Patients should also perform specific pain free flexibility and strengthening exercises as part of their rehabilitation to ensure an optimal outcome. Particular emphasis is placed on improving pelvic stability and core stability. Alternative activities which place minimal weight bearing forces through the affected bone should be performed to maintain fitness (such as swimming, cycling and water running). The treating therapist can advise which exercises and activities are most appropriate for the patient and when they should be commenced.
In the final stages of rehabilitation for a pelvic stress fracture, a gradual return to activity or sport can occur as guided by the treating therapist, provided symptoms do not increase. This may involve a gradual return to running program to recondition the pelvis to running in a safe and effective manner.
Appropriate footwear advice and / or the use of orthotics may also be indicated in those patients whose lower limb biomechanics are likely to have contributed to the development of the pelvic stress fracture. Running technique, as well as training technique or training methods, may also need addressing to decrease the likelihood of injury recurrence.
There are several factors which may contribute to the development of a pelvic stress fracture. These need to be assessed and, where possible, corrected with direction from the treating therapist.
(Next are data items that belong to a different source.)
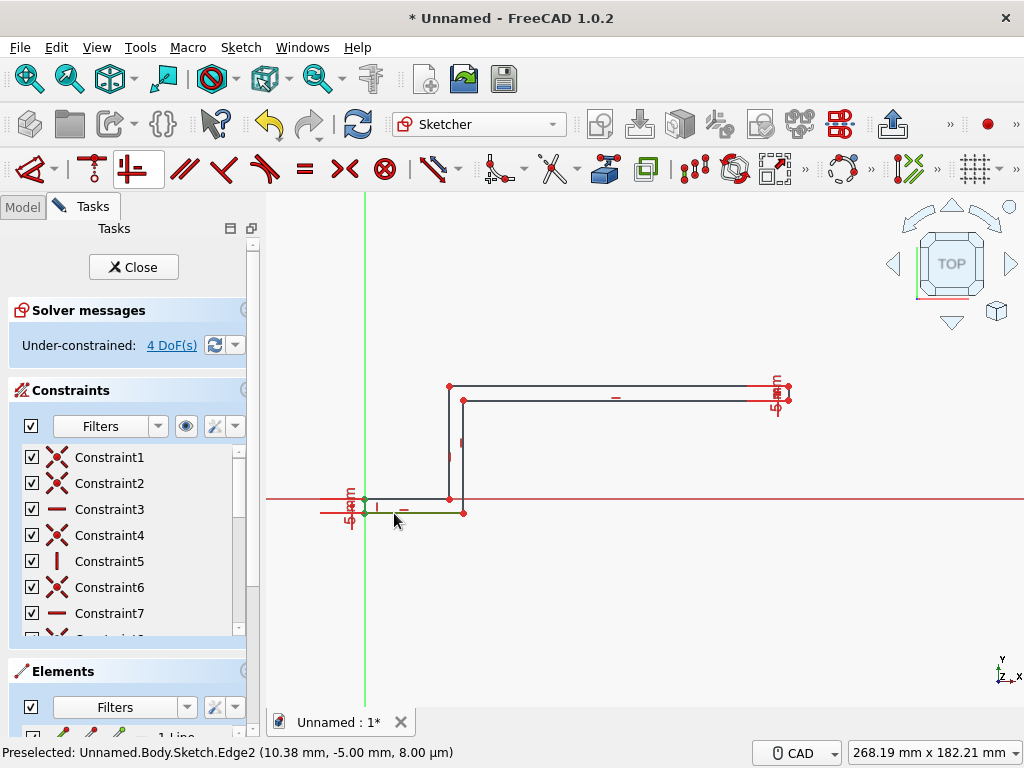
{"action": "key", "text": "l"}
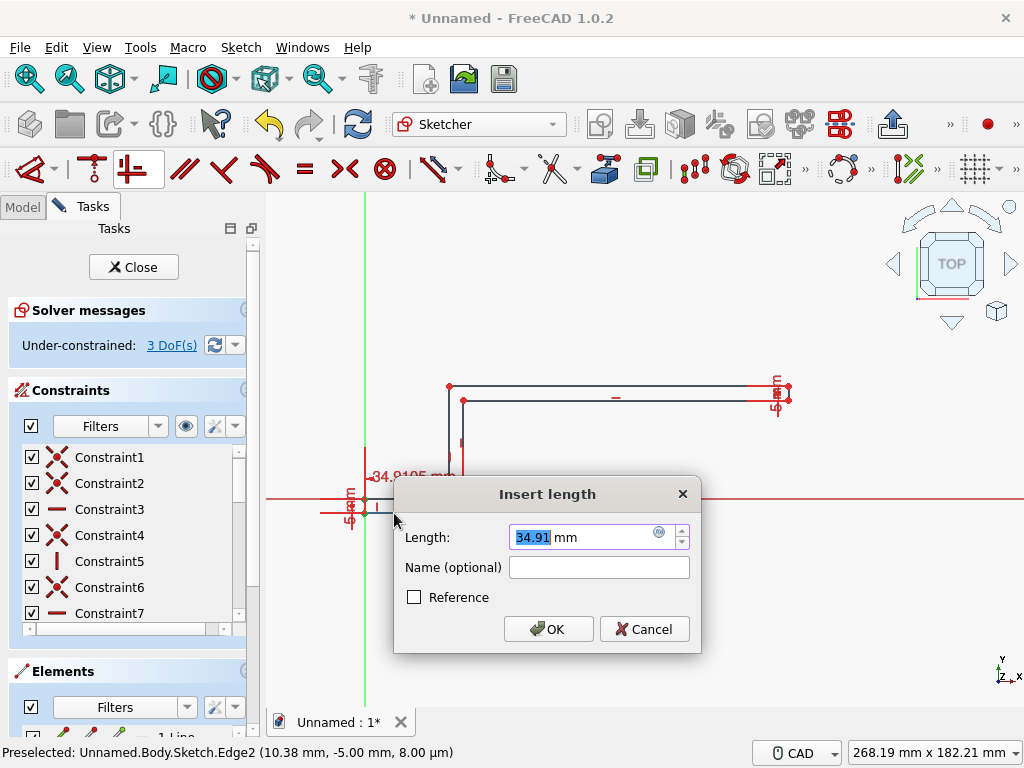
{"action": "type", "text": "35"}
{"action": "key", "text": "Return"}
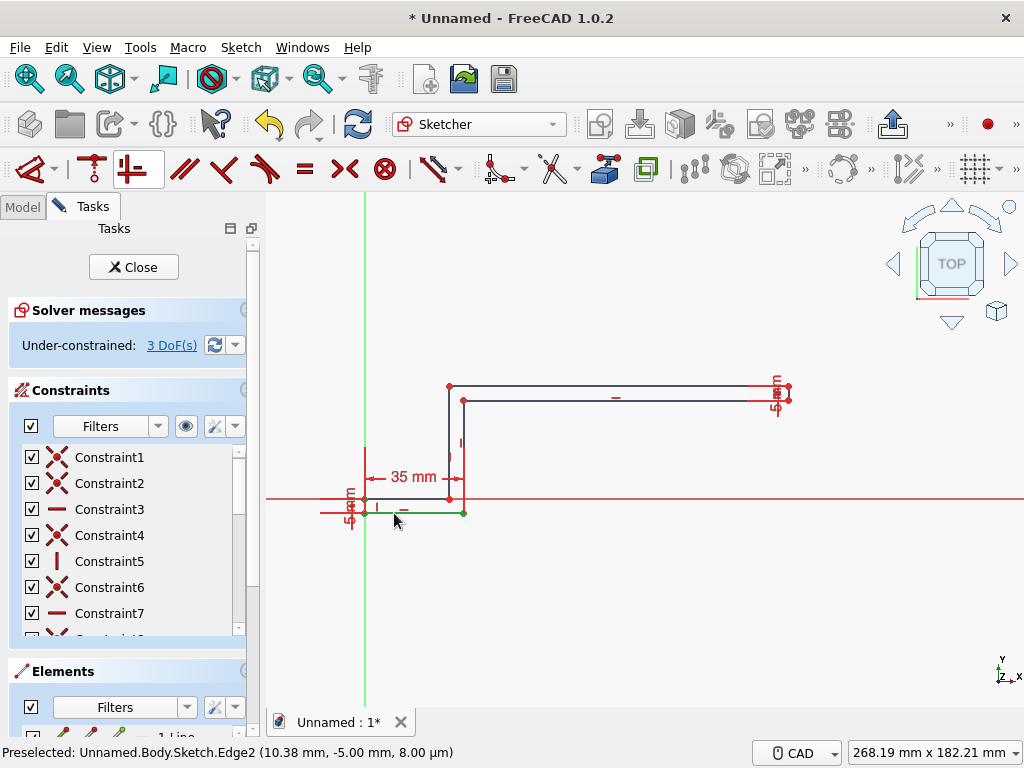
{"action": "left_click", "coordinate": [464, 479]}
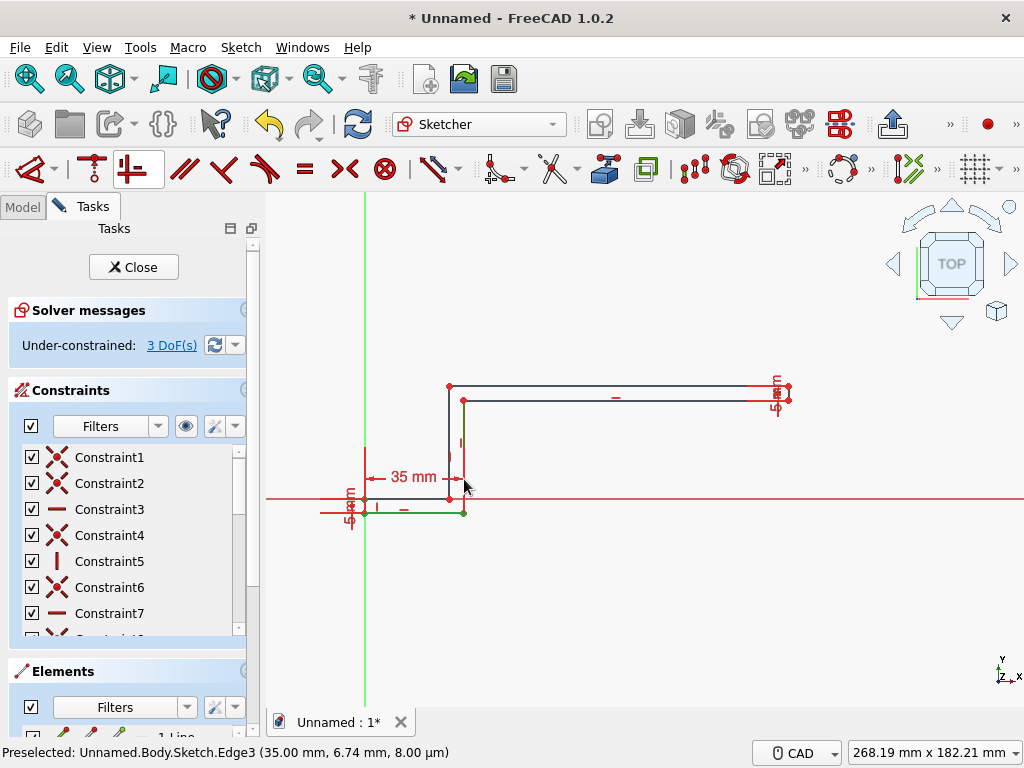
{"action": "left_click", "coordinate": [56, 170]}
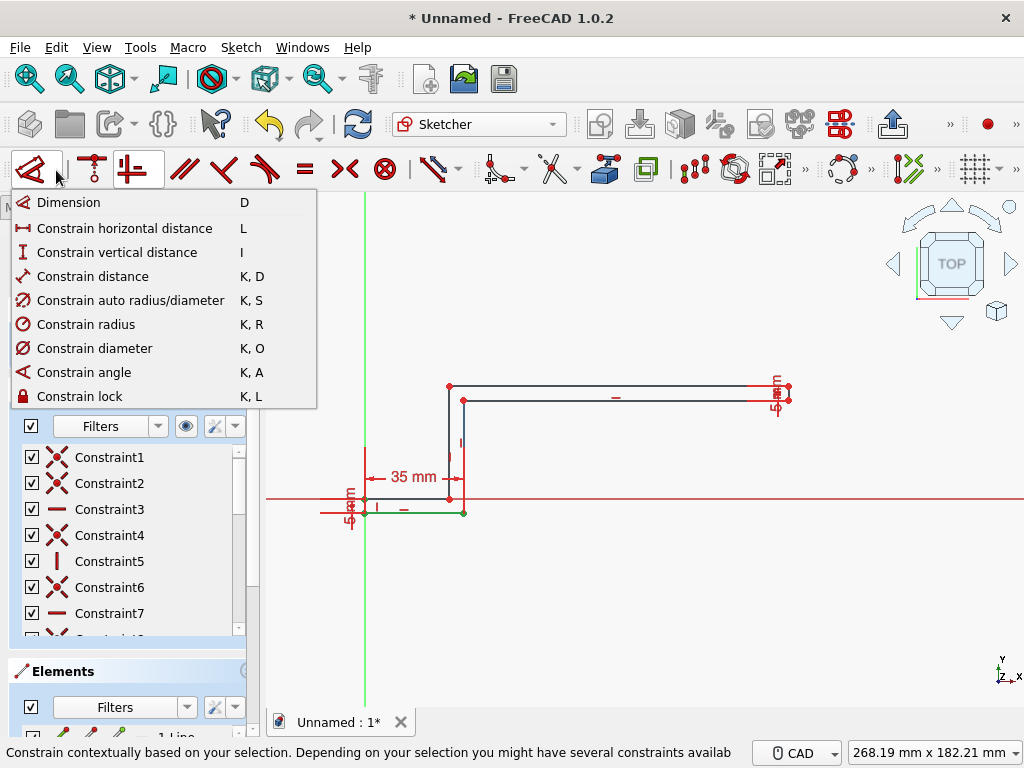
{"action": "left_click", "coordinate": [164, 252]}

Some of these factors include:
- muscle weakness (particularly of the gluteals, pelvic stabilizers and core stabilizers)
- pelvic instability (often following pregnancy)
- poor flexibility (particularly of the gluteals, hip flexors, abdominals, adductors, hamstrings or quadriceps)
- joint stiffness (particularly of the hip, lumbar spine, knee or ankle)
- poor balance
- inappropriate footwear
- poor foot posture (especially flat feet or high arches)
- leg length discrepancies
- inappropriate or excessive training (particularly on hard or uneven surfaces)
- poor running technique
- lack of fitness or conditioning
- body weight
- bone health
- inadequate diet
- menstrual disturbances (in females)
Therapy for a pelvic stress fracture
Therapy treatment for patients with a pelvic stress fracture is vital to hasten healing, prevent injury recurrence and ensure an optimal outcome. Treatment may comprise:
- soft tissue massage
- joint mobilization
- joint manipulation
- exercises to improve strength, fitness, balance, flexibility and core stability
- Clinical Pilates
- electrotherapy (e.g. ultrasound)
- dry needling
- the use of crutches or other walking aids
- activity modification advice
- biomechanical correction (e.g. the use of orthotics or taping, or, running technique correction)
- footwear advice
- a gradual return to running / activity plan
Other intervention for a pelvic stress fracture
Despite appropriate therapy management, some patients with this condition do not improve and require other intervention to ensure an optimal outcome. The treating doctor can advise on the best course of management when this is the case. This may include further investigations such as X-rays, CT scan, MRI or bone scan, extended periods of non-weight-bearing (involving the use of crutches), review with a podiatrist (for possible orthotics) or referral to appropriate medical authorities who can advise on any intervention that may be appropriate to improve the pelvic stress fracture. Occasionally, patients with this condition may require surgery to stabilize the stress fracture and aid healing.